Source data
________________________________________

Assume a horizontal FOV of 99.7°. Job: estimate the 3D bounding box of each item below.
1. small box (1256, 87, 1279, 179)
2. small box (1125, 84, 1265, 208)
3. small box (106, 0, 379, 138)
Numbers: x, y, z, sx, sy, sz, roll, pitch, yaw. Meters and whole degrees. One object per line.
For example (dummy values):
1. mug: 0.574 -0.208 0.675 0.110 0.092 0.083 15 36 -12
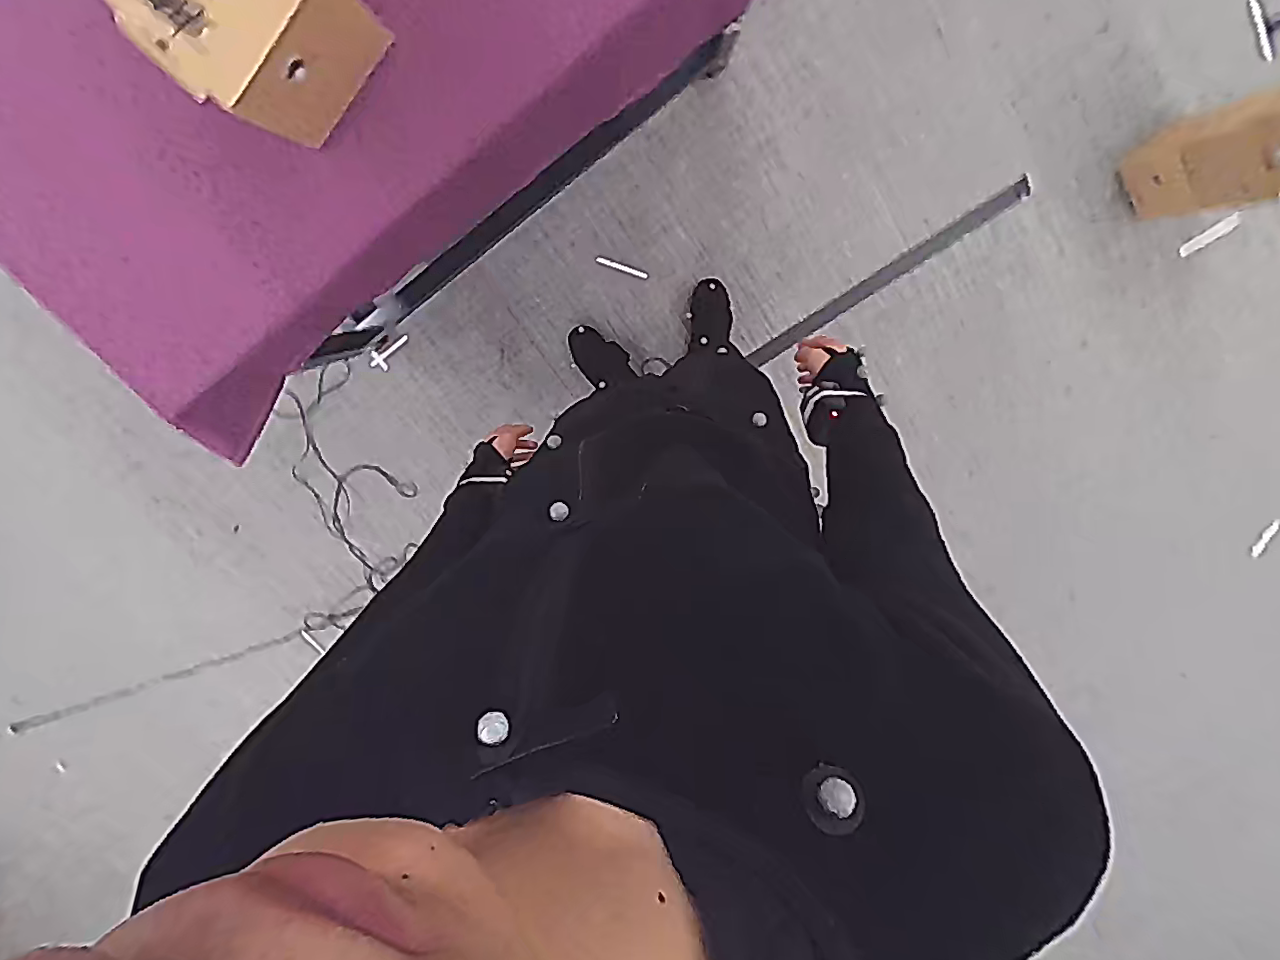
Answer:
1. small box: 1.291 -0.676 0.967 0.179 0.176 0.168 -32 108 12
2. small box: 1.313 -0.777 1.282 0.179 0.176 0.168 -37 106 12
3. small box: -0.433 -0.528 0.605 0.168 0.176 0.179 42 105 -14
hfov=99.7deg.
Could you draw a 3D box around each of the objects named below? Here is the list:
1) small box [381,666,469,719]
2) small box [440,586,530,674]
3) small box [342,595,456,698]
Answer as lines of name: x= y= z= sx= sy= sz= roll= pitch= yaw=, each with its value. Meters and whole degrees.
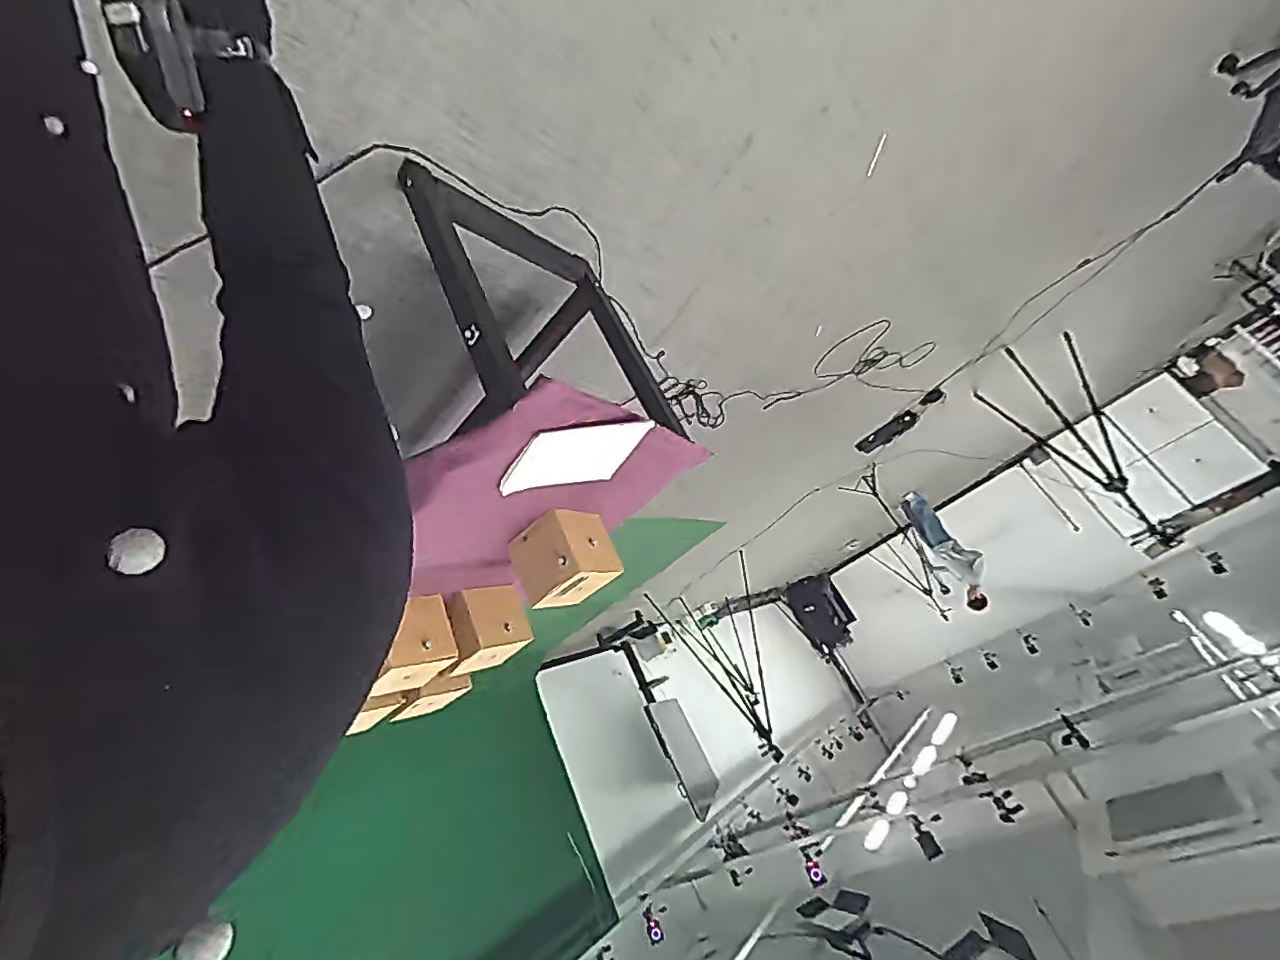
small box: x=-0.649 y=0.577 z=1.605 sx=0.168 sy=0.176 sz=0.179 roll=-38 pitch=155 yaw=22
small box: x=-0.435 y=0.397 z=1.464 sx=0.168 sy=0.176 sz=0.179 roll=-40 pitch=154 yaw=26
small box: x=-0.581 y=0.389 z=1.292 sx=0.168 sy=0.176 sz=0.179 roll=-39 pitch=155 yaw=25
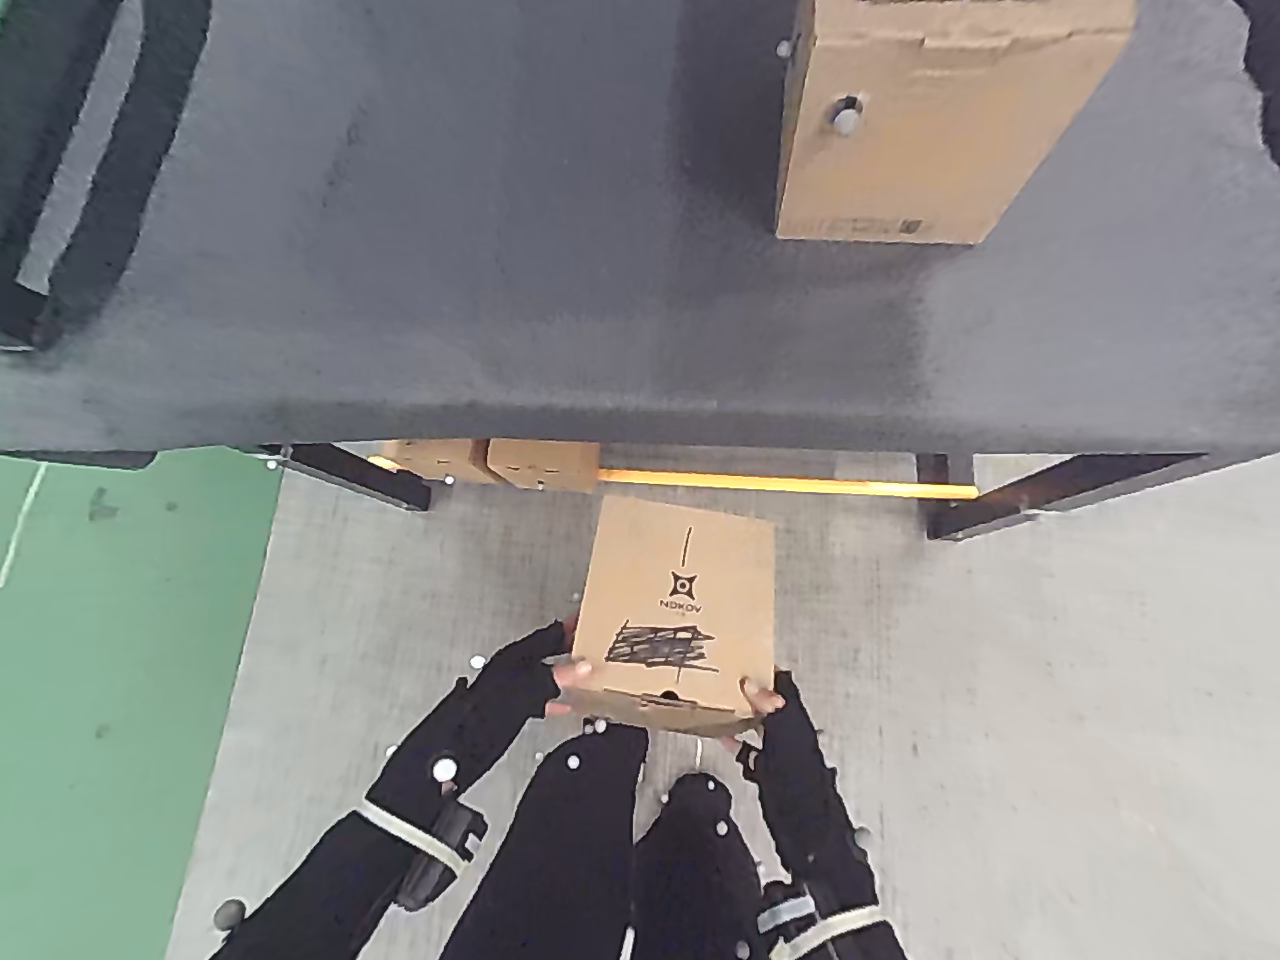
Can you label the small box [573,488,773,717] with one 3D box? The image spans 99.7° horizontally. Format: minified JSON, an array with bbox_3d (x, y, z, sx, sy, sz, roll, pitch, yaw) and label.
[{"bbox_3d":[0.031,0.134,0.554,0.168,0.176,0.179,9,59,-1],"label":"small box"}]
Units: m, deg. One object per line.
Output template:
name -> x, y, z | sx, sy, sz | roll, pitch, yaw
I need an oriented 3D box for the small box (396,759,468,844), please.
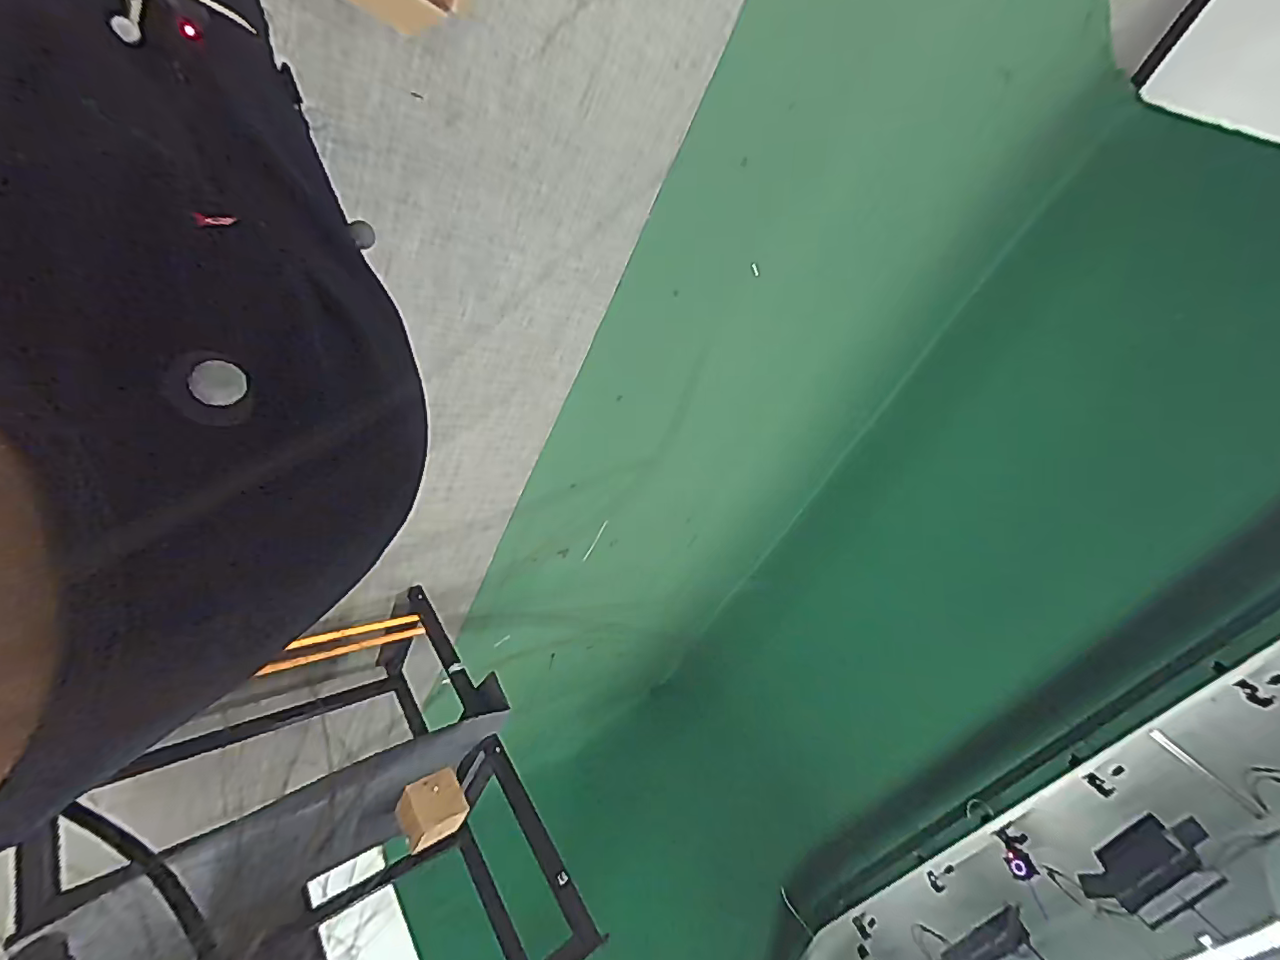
small box -> -0.742, 1.130, 1.912 | 0.168, 0.176, 0.179 | -5, 135, -47
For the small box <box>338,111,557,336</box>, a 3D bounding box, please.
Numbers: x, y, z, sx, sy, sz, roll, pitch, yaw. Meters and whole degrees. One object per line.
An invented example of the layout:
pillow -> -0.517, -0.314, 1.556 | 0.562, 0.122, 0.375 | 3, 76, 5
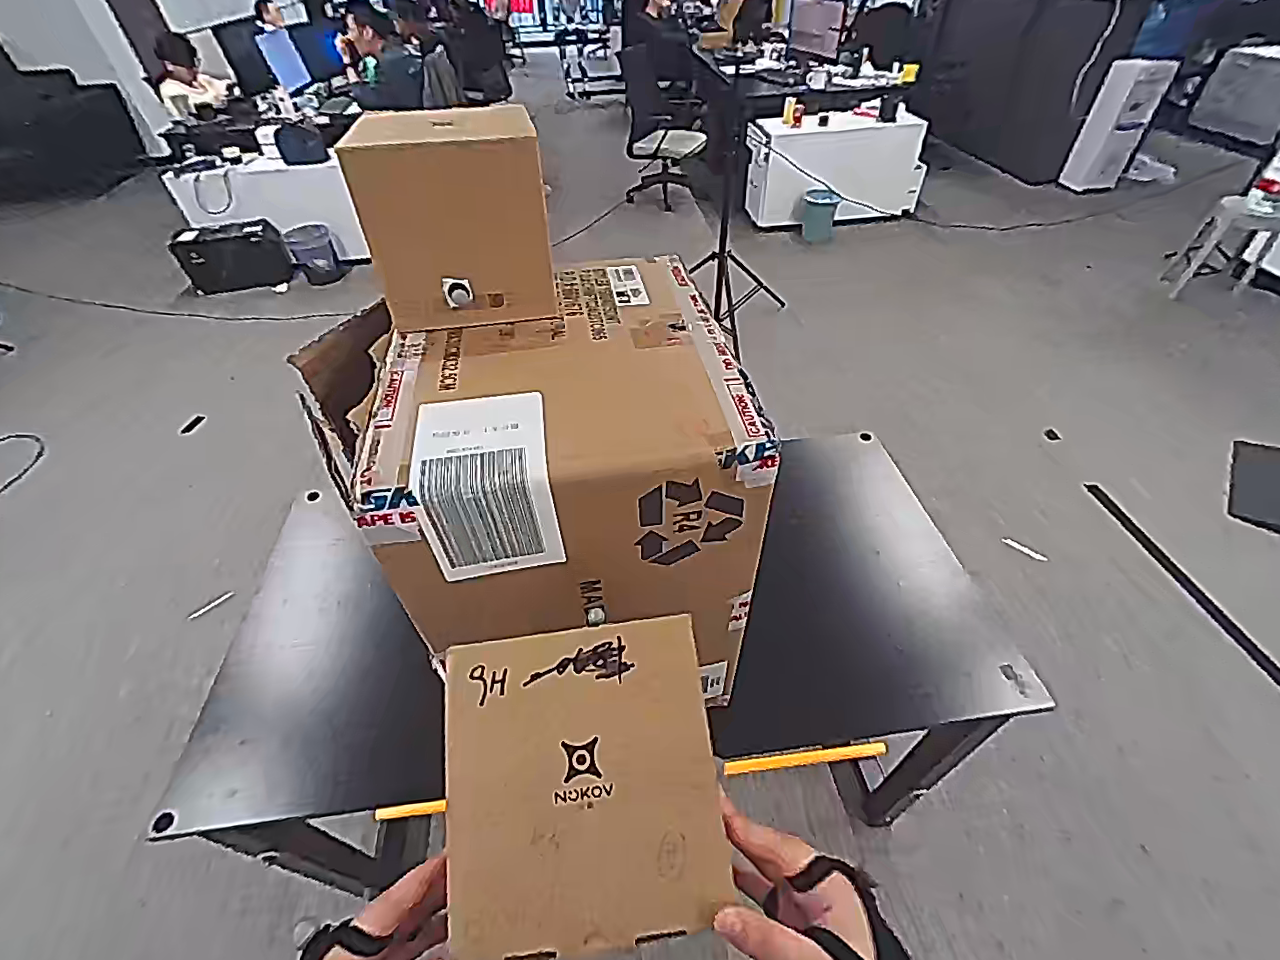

________________________________________

[What to produce]
What is needed is a word-for-word copy of the lines from the one containing "3) small box [342,595,456,698]" through the final line of the records above, both included, with the pictures left out.

[Solution for this task]
3) small box [342,595,456,698]
Answer as lines of name: x= y= z= sx= sy= sz= roll= pitch= yaw=, each with its value. Meters and whole degrees.
small box: x=-0.649 y=0.577 z=1.605 sx=0.168 sy=0.176 sz=0.179 roll=-38 pitch=155 yaw=22
small box: x=-0.435 y=0.397 z=1.464 sx=0.168 sy=0.176 sz=0.179 roll=-40 pitch=154 yaw=26
small box: x=-0.581 y=0.389 z=1.292 sx=0.168 sy=0.176 sz=0.179 roll=-39 pitch=155 yaw=25
Can you label the small box [573,488,773,717] with one 3D box? The image spans 99.7° horizontally. Format: minified JSON, an array with bbox_3d (x, y, z, sx, sy, sz, roll, pitch, yaw) and label.
[{"bbox_3d":[0.031,0.134,0.554,0.168,0.176,0.179,9,59,-1],"label":"small box"}]
Units: m, deg. One object per line.
Output template:
name -> x, y, z | sx, sy, sz | roll, pitch, yaw
I need an oriented 3D box for the small box (396,759,468,844), please.
small box -> -0.742, 1.130, 1.912 | 0.168, 0.176, 0.179 | -5, 135, -47
For the small box <box>338,111,557,336</box>, a 3D bounding box, please.
Numbers: x, y, z, sx, sy, sz, roll, pitch, yaw. Meters and whole degrees. One object per line.
An invented example of the layout:
pillow -> -0.517, -0.314, 1.556 | 0.562, 0.122, 0.375 | 3, 76, 5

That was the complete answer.